What the task requires: Your answer should repeat every line of the records below in which the word "bonds" appears.

Input data:
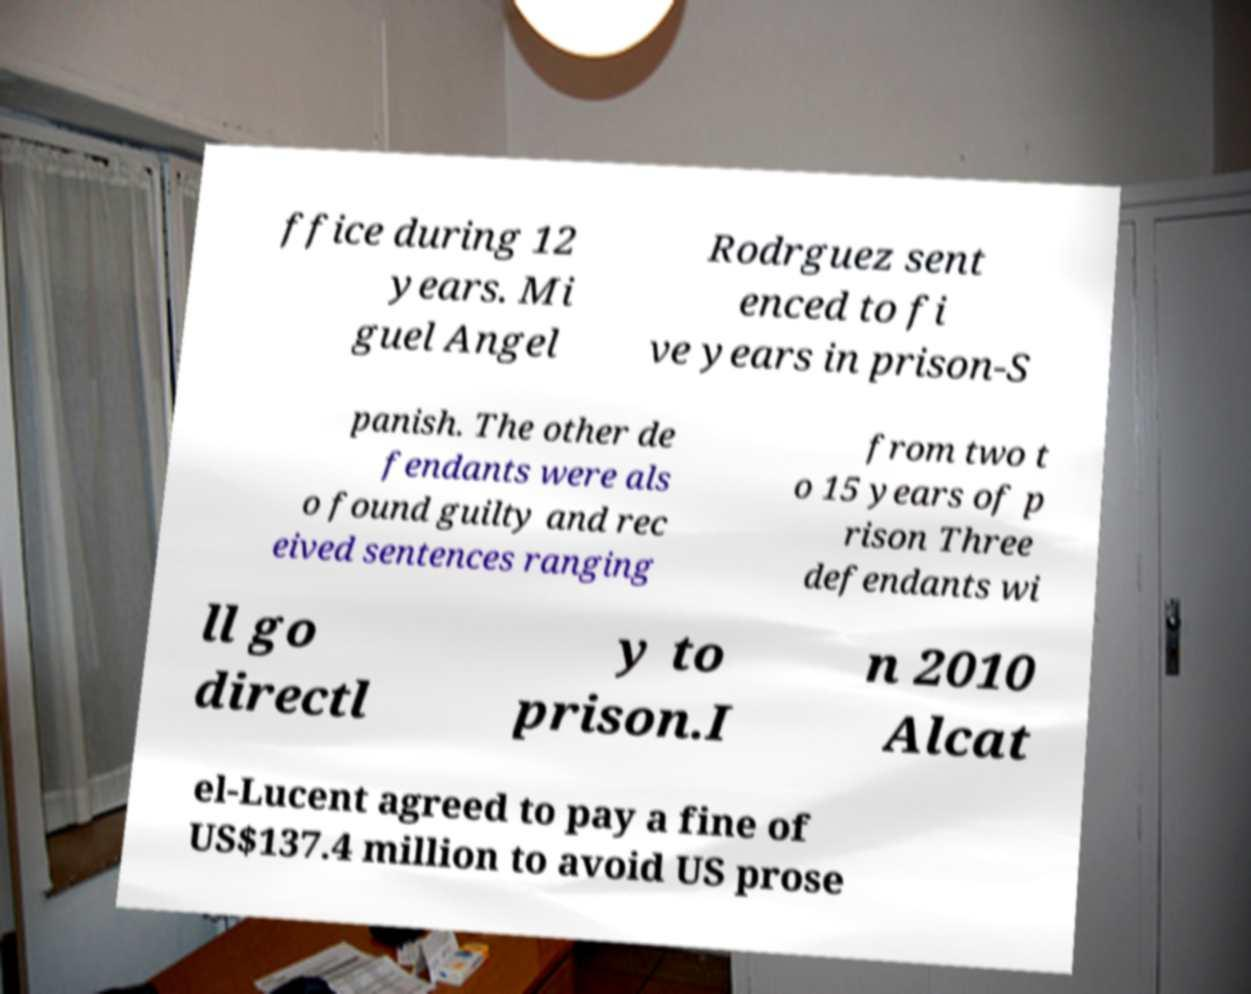For documentation purposes, I need the text within this image transcribed. Could you provide that? ffice during 12 years. Mi guel Angel Rodrguez sent enced to fi ve years in prison-S panish. The other de fendants were als o found guilty and rec eived sentences ranging from two t o 15 years of p rison Three defendants wi ll go directl y to prison.I n 2010 Alcat el-Lucent agreed to pay a fine of US$137.4 million to avoid US prose 
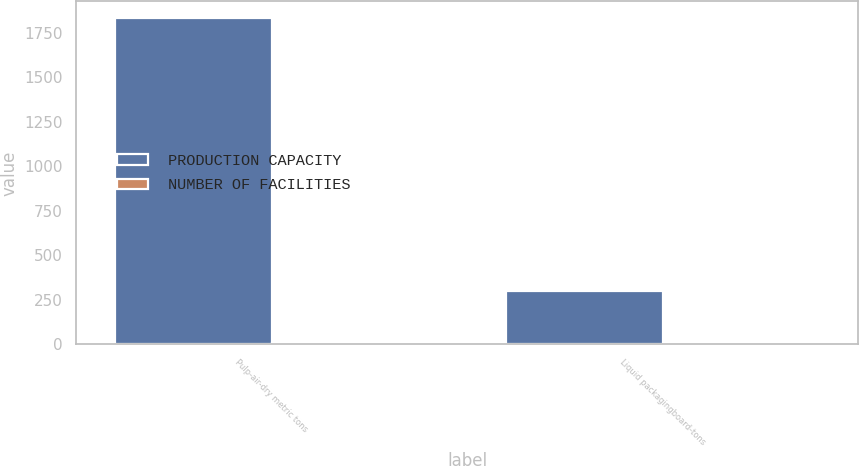<chart> <loc_0><loc_0><loc_500><loc_500><stacked_bar_chart><ecel><fcel>Pulp-air-dry metric tons<fcel>Liquid packagingboard-tons<nl><fcel>PRODUCTION CAPACITY<fcel>1835<fcel>300<nl><fcel>NUMBER OF FACILITIES<fcel>5<fcel>1<nl></chart> 
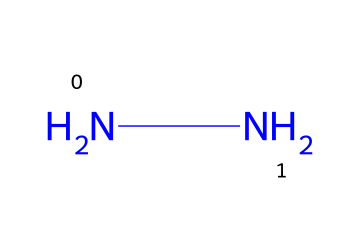What is the molecular formula of hydrazine? The SMILES representation "NN" indicates two nitrogen atoms connected by a single bond, implying a molecular formula of N2H4 (two nitrogen and four hydrogen atoms).
Answer: N2H4 How many nitrogen atoms are in hydrazine? Analyzing the SMILES "NN", it shows two nitrogen symbols, indicating there are 2 nitrogen atoms in the molecule.
Answer: 2 What type of bonds are present in hydrazine? The structure "NN" indicates a single bond between the two nitrogen atoms, representing a single bond type which is common in diatomic molecules.
Answer: single bond What is the oxidation state of nitrogen in hydrazine? In hydrazine, nitrogen is generally in the -2 oxidation state because each nitrogen atom forms bonds with hydrogen which is less electronegative, resulting in a reduction in its oxidation state.
Answer: -2 How many hydrogen atoms are bonded to nitrogen in hydrazine? Each nitrogen in hydrazine typically bonds with two hydrogen atoms, making a total of four hydrogen atoms (as inferred from the hydrazine structure).
Answer: 4 What is the primary use of hydrazine? Hydrazine is primarily used as a rocket fuel because of its high reactivity and energy content, making it suitable for propulsion applications.
Answer: rocket fuel Is hydrazine classified as a hazardous material? Yes, hydrazine is known to be toxic and is classified as a hazardous material due to its potential health effects and environmental dangers if improperly handled.
Answer: yes 
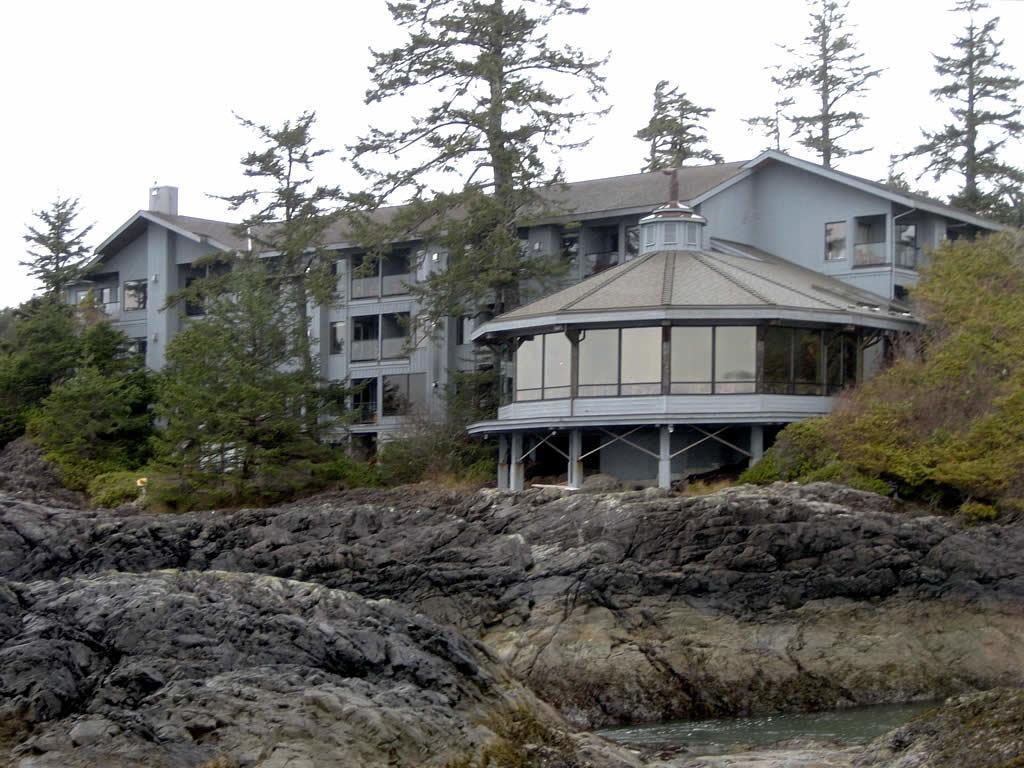Could you give a brief overview of what you see in this image? In this image, we can see a building, walls, glass objects, pillars, trees and plants. At the bottom, we can see rocks and water. Background we can see the sky.

Finished task:
Answer: 2 What type of bonds are present in hydrazine? The structure "NN" indicates a single bond between the two nitrogen atoms, representing a single bond type which is common in diatomic molecules.
Answer: single bond What is the oxidation state of nitrogen in hydrazine? In hydrazine, nitrogen is generally in the -2 oxidation state because each nitrogen atom forms bonds with hydrogen which is less electronegative, resulting in a reduction in its oxidation state.
Answer: -2 How many hydrogen atoms are bonded to nitrogen in hydrazine? Each nitrogen in hydrazine typically bonds with two hydrogen atoms, making a total of four hydrogen atoms (as inferred from the hydrazine structure).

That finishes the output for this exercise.